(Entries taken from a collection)
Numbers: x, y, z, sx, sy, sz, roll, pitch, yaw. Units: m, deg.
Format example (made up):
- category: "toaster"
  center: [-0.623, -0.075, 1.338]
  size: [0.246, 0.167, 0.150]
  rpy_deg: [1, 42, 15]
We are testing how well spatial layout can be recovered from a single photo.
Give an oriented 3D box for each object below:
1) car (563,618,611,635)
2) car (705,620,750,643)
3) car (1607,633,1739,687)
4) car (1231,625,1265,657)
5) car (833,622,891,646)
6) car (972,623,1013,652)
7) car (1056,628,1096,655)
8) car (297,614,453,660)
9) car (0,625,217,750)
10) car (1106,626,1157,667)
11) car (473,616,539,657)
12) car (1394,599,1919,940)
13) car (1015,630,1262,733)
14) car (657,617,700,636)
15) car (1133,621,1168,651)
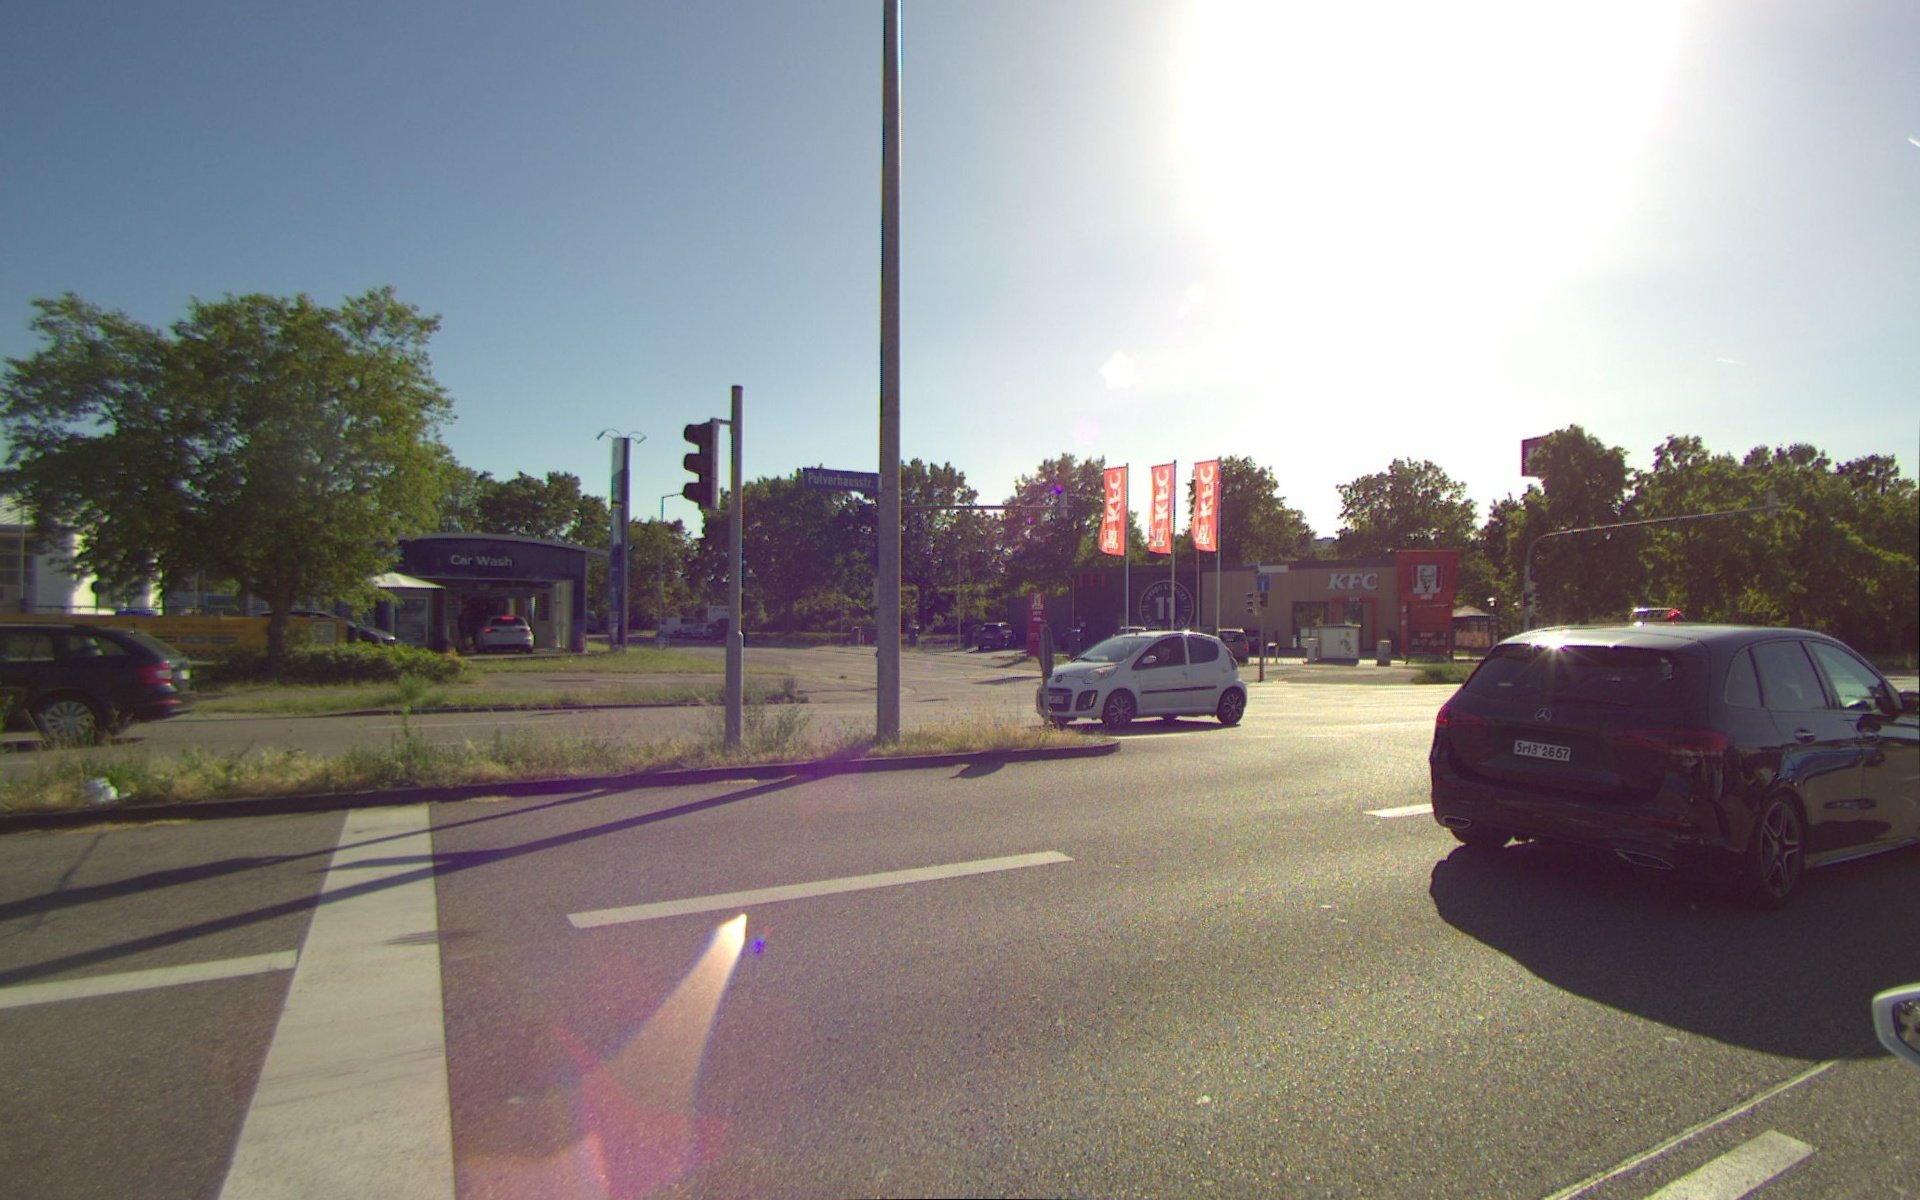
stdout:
- category: "car"
  center: [-38.985, 2.781, 105.041]
  size: [4.698, 1.823, 2.099]
  rpy_deg: [-1, -3, 27]
- category: "car"
  center: [-19.256, 2.616, 83.171]
  size: [1.894, 1.867, 4.251]
  rpy_deg: [2, -3, -40]
- category: "car"
  center: [22.942, 1.922, 32.297]
  size: [4.217, 1.620, 1.886]
  rpy_deg: [2, -3, -30]
- category: "car"
  center: [16.962, 2.369, 59.061]
  size: [1.857, 1.684, 4.244]
  rpy_deg: [2, 0, 17]
- category: "car"
  center: [-7.906, 2.724, 81.141]
  size: [4.213, 1.867, 1.911]
  rpy_deg: [0, -2, 14]
- category: "car"
  center: [2.109, 2.380, 63.730]
  size: [1.880, 1.764, 4.304]
  rpy_deg: [0, -2, 12]
- category: "car"
  center: [7.262, 2.549, 62.586]
  size: [1.845, 1.539, 4.002]
  rpy_deg: [2, 0, 15]
- category: "car"
  center: [-18.261, 1.190, 31.474]
  size: [4.074, 1.342, 1.885]
  rpy_deg: [2, -3, -32]
- category: "car"
  center: [-11.915, 1.042, 12.226]
  size: [4.406, 1.451, 1.687]
  rpy_deg: [2, -3, -30]
- category: "car"
  center: [8.541, 2.261, 49.873]
  size: [1.811, 1.875, 3.830]
  rpy_deg: [2, 0, 20]
- category: "car"
  center: [-17.210, 1.396, 37.979]
  size: [1.879, 1.451, 4.088]
  rpy_deg: [2, -3, -30]
- category: "car"
  center: [4.945, 0.869, 6.629]
  size: [4.176, 1.619, 1.699]
  rpy_deg: [2, 0, -31]
- category: "car"
  center: [2.824, 1.229, 15.793]
  size: [3.622, 1.451, 1.687]
  rpy_deg: [2, -3, -30]
- category: "car"
  center: [-26.095, 2.458, 93.027]
  size: [4.241, 1.690, 1.898]
  rpy_deg: [-2, -3, 43]
- category: "car"
  center: [11.721, 2.211, 61.662]
  size: [1.845, 1.771, 4.002]
  rpy_deg: [0, -2, 15]
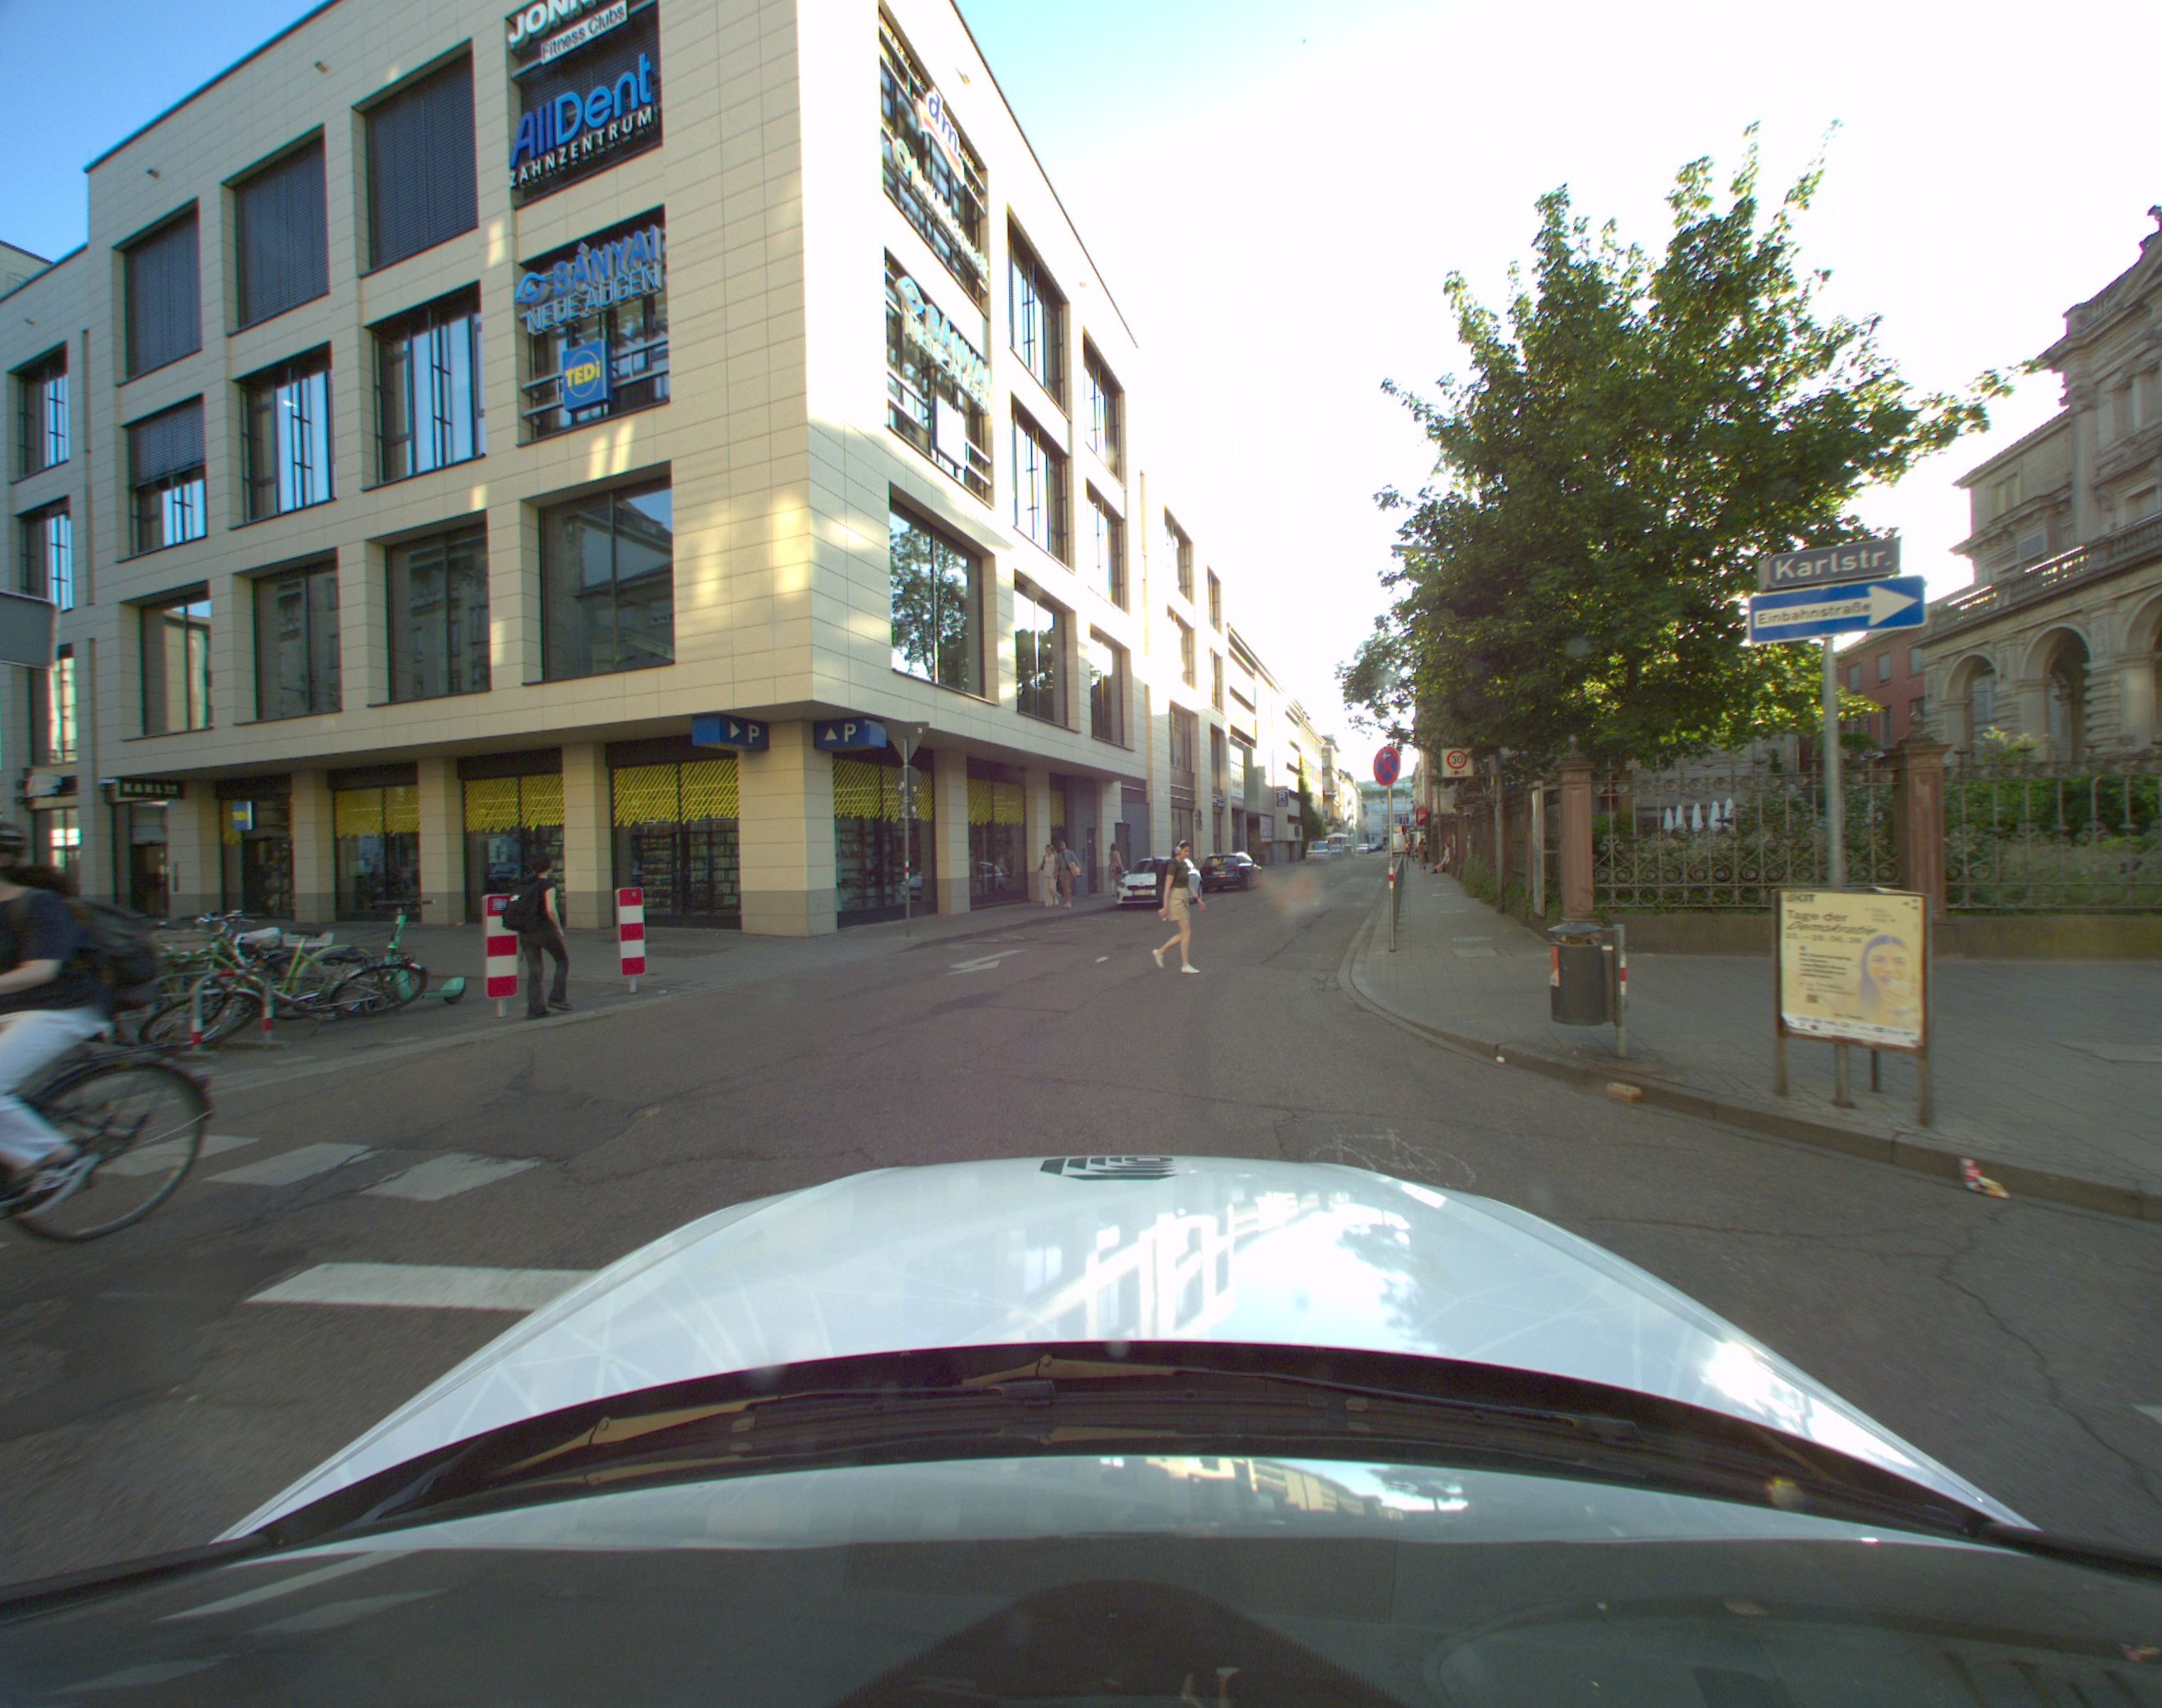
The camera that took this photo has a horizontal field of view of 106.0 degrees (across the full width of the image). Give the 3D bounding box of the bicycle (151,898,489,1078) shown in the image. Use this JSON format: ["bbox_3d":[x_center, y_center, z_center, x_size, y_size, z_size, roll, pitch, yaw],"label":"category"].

- [YOUR ASSIGNMENT] The required output is the stretch of entries above from the line containing "6) car (972,623,1013,652)" through the line containing "15) car (1133,621,1168,651)", reproduced exactly.

- [ANSWER SECTION]
6) car (972,623,1013,652)
7) car (1056,628,1096,655)
8) car (297,614,453,660)
9) car (0,625,217,750)
10) car (1106,626,1157,667)
11) car (473,616,539,657)
12) car (1394,599,1919,940)
13) car (1015,630,1262,733)
14) car (657,617,700,636)
15) car (1133,621,1168,651)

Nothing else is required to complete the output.